BEGIN Source records

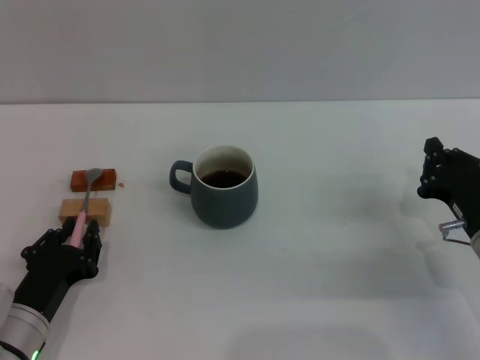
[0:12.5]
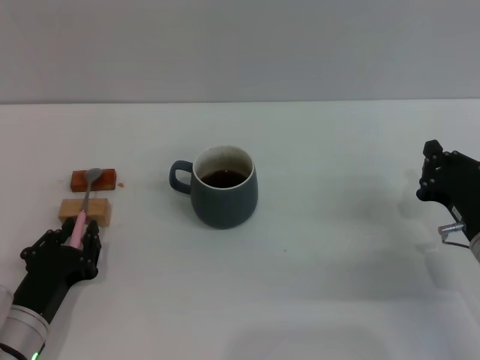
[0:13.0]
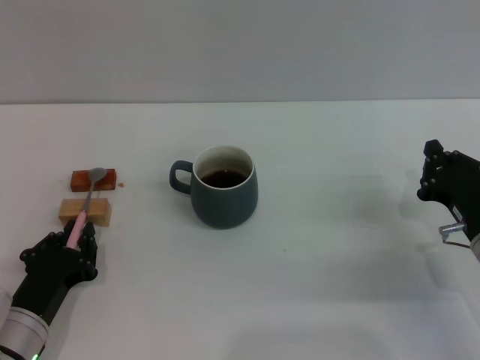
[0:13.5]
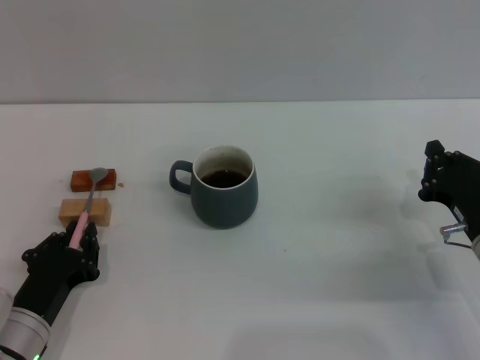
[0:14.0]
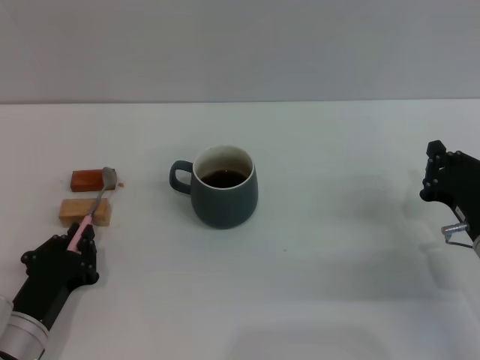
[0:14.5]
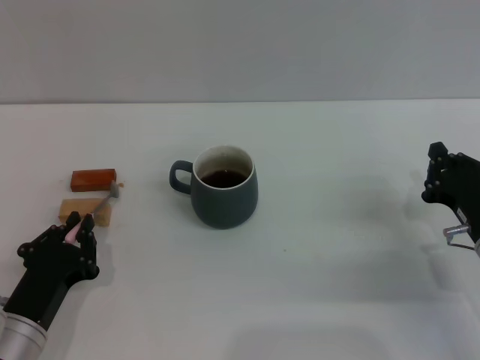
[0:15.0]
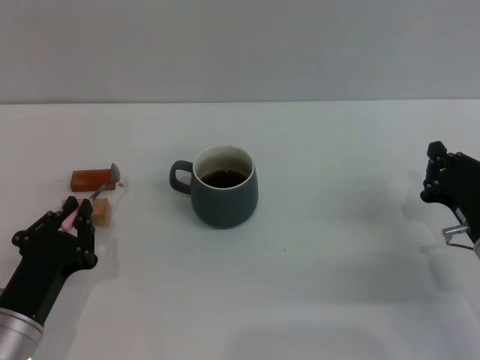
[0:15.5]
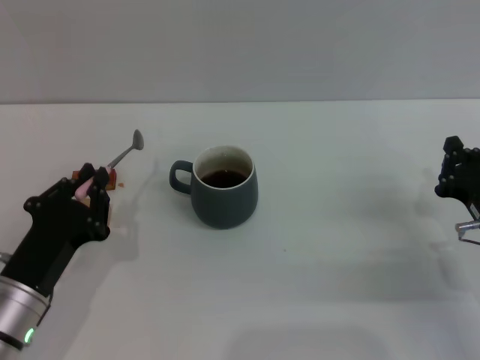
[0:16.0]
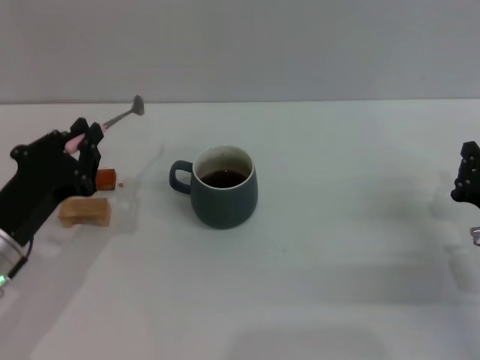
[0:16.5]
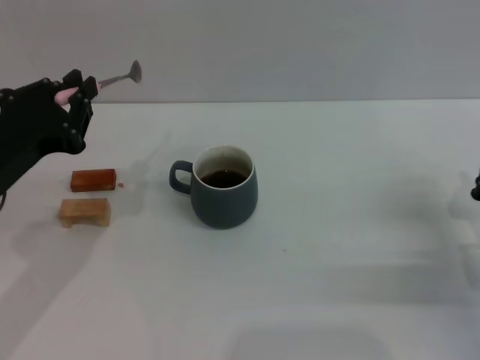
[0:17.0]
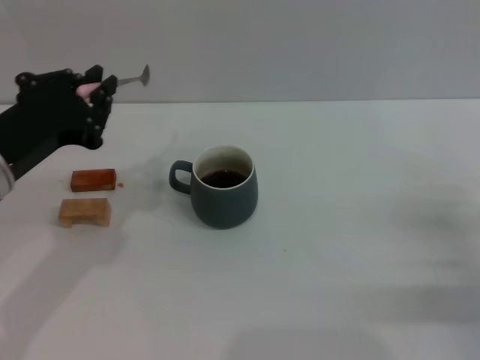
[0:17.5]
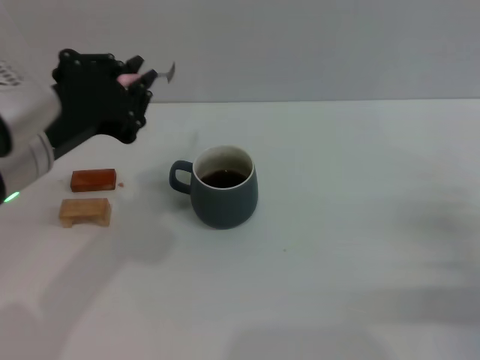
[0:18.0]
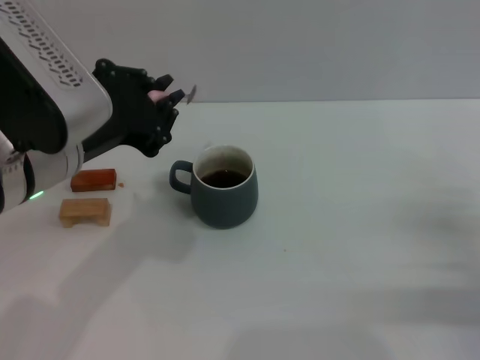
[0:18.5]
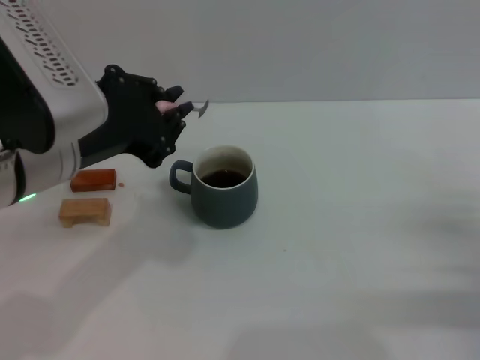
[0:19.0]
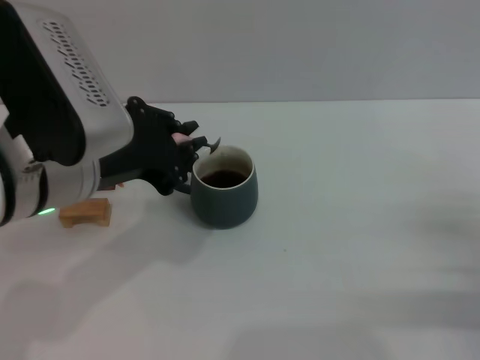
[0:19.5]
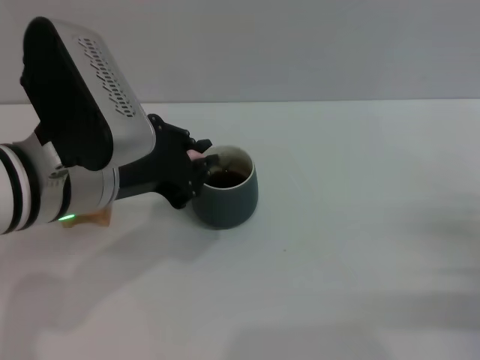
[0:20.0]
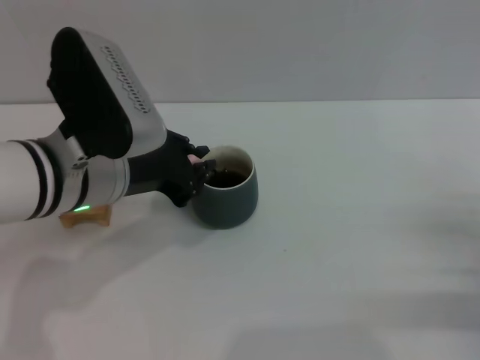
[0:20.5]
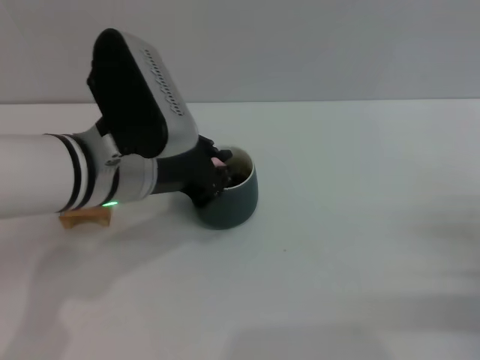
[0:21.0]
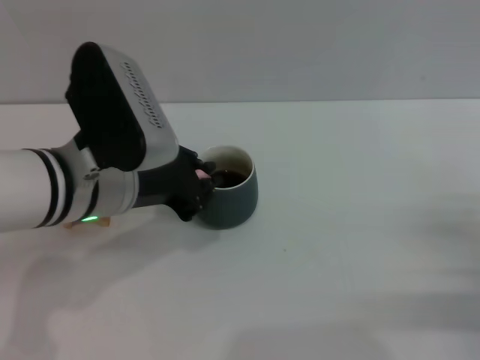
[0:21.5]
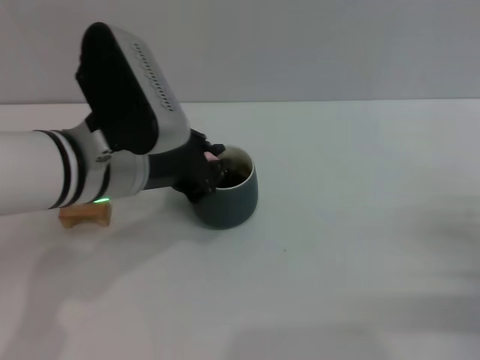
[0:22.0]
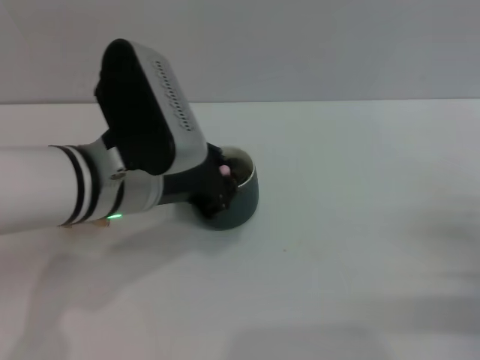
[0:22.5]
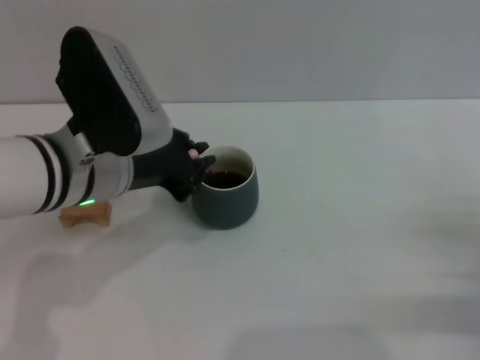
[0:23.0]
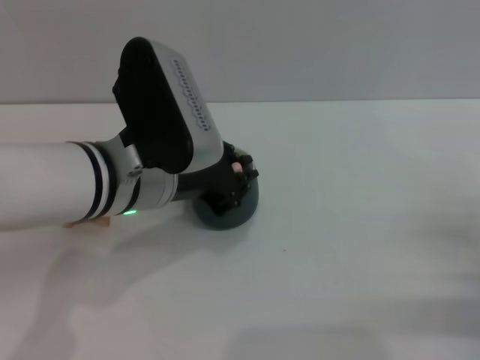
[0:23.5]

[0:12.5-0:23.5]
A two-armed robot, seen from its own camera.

END Source records

**Task to carry out:** Copy out all the data exactly. The images should not appear in the copy.

**Answer area:**
[0:12.5]
[0:13.0]
[0:13.5]
[0:14.0]
[0:14.5]
[0:15.0]
[0:15.5]
[0:16.0]
[0:16.5]
[0:17.0]
[0:17.5]
[0:18.0]
[0:18.5]
[0:19.0]
[0:19.5]
[0:20.0]
[0:20.5]
[0:21.0]
[0:21.5]
[0:22.0]
[0:22.5]
[0:23.0]
[0:23.5]

[0:12.5-0:23.5]
A two-armed robot, seen from its own camera.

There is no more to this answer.